Location
- 11 East Hawley Avenue Amboy, Lee County, Illinois 61310 USA
- Coordinates: 41°43′12″N 89°20′01″W﻿ / ﻿41.7199°N 89.3335°W

Information
- Type: Comprehensive Public High School
- Established: 1949
- School district: Amboy Community Unit School District 272
- Principal: Janet Crownhart
- Teaching staff: 19.25 (FTE)
- Grades: 9–12
- Enrollment: 236 (2023–2024)
- Student to teacher ratio: 12.26
- Colors: Red, White, Black
- Athletics conference: Northwest Upstate Illini Conference
- Nickname: Clippers
- Yearbook: Amboyan
- Feeder schools: Amboy Junior High School
- Website: www.amboy.net/ahs.html

= Amboy High School =

Amboy High School is a public four-year high school located at 11 East Hawley Avenue in Amboy, Illinois, a small city of Lee County, Illinois, in the Midwestern United States.

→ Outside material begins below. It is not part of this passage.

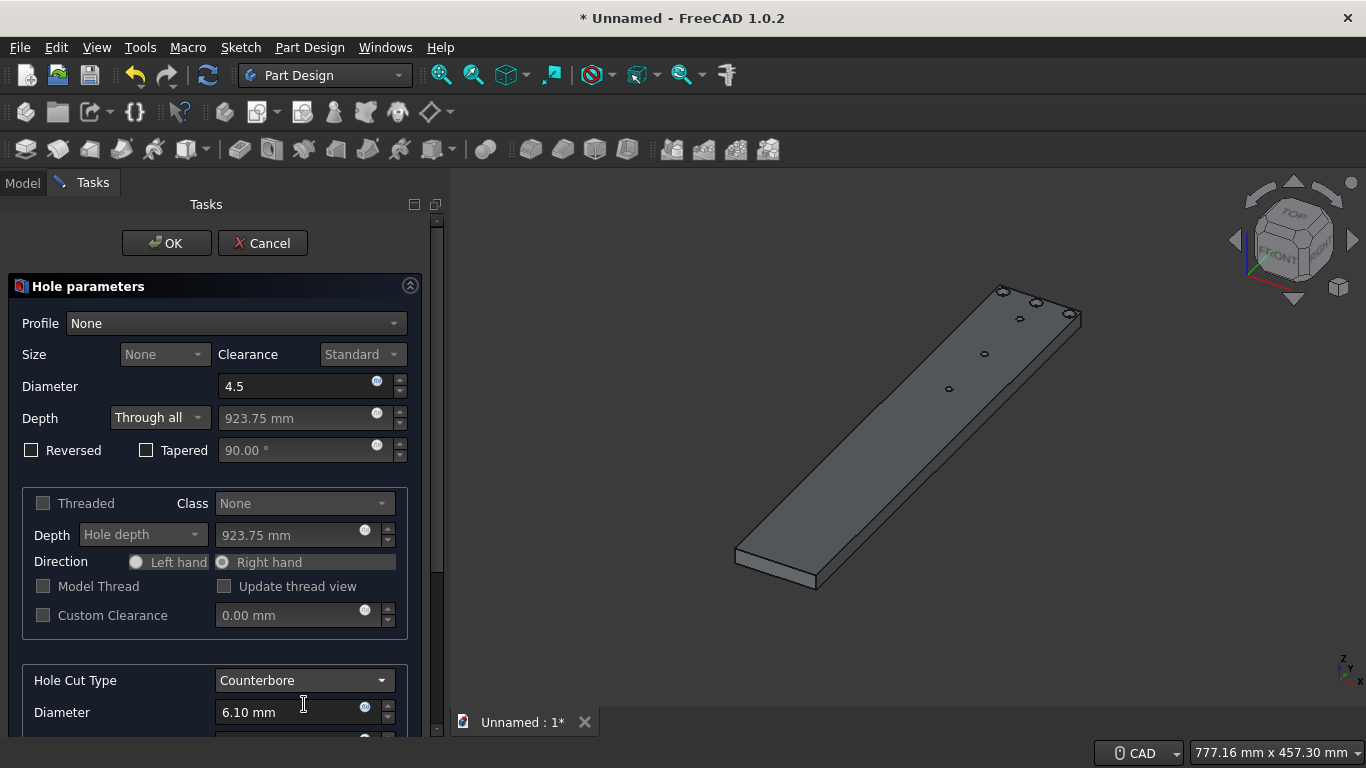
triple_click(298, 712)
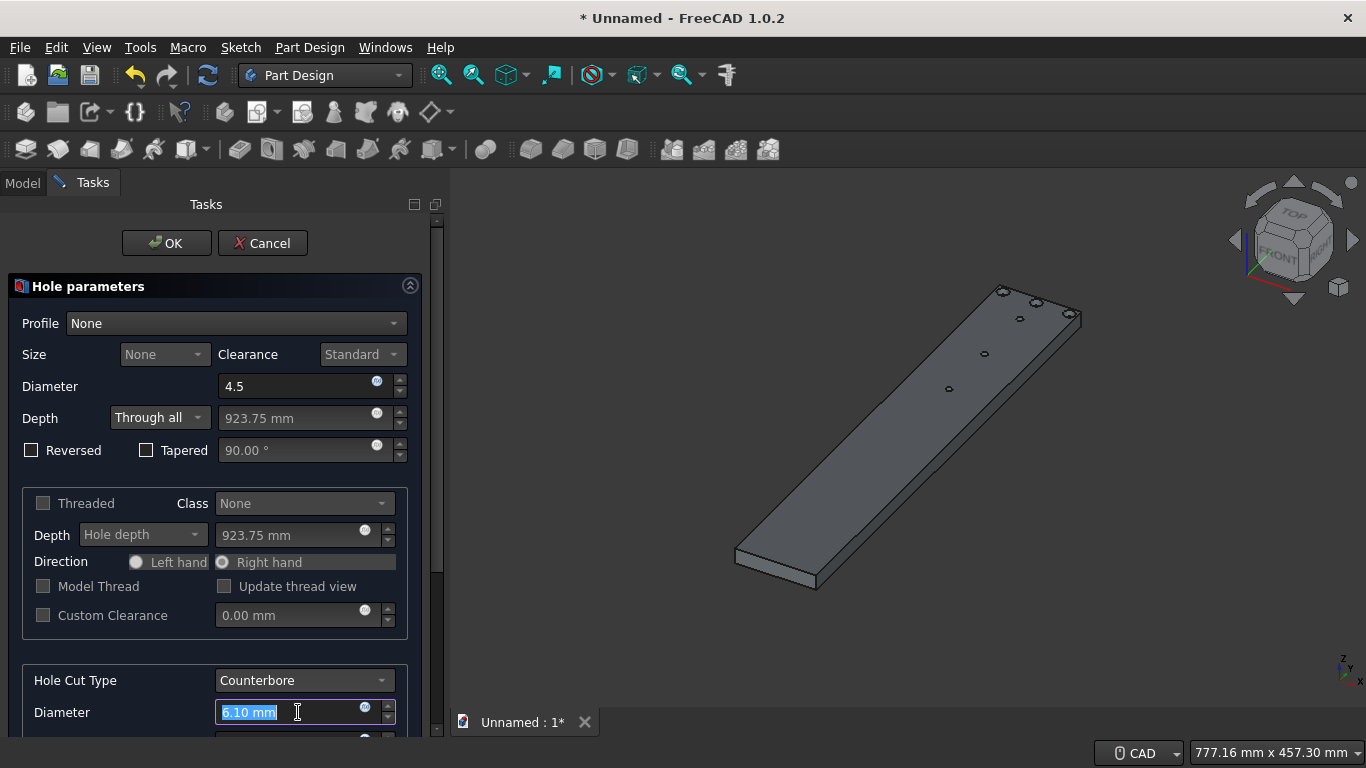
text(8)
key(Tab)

It is part of Amboy Community Unit School District 272, which serves the communities of Amboy, Sublette, Harmon, and Eldena, and includes Amboy Junior High School, and Amboy Central Elementary School. The campus is 12 miles southeast of Dixon, Illinois and serves a mixed small city, village, and rural residential community. The school lies within the Dixon micropolitan statistical area.

==Academics==
In 2009 Amboy High School made Adequate Yearly Progress, and 69% of students met standards, on the Prairie State Achievement Examination, a state test that is part of the No Child Left Behind Act. The school's average high school graduation rate between 1999 and 2009 was 89%.

==Athletics==
Amboy High School competes in the Northwest Upstate Illini Conference and is a member school in the Illinois High School Association. Its mascot is the Clippers. The school has 1 state championships on record in team athletics, Boys Football in 1984–1985.

==History==
The current Amboy High School formed in 1949. The new school district replaced the former Amboy Township High School District. The North Central Association has given formal recognition status since 1924. The current building at Metcalf and Hawley Streets opened for grade 9 through 12 in September 1969, replacing the school building on Appleton Avenue, which now houses Amboy Junior High School.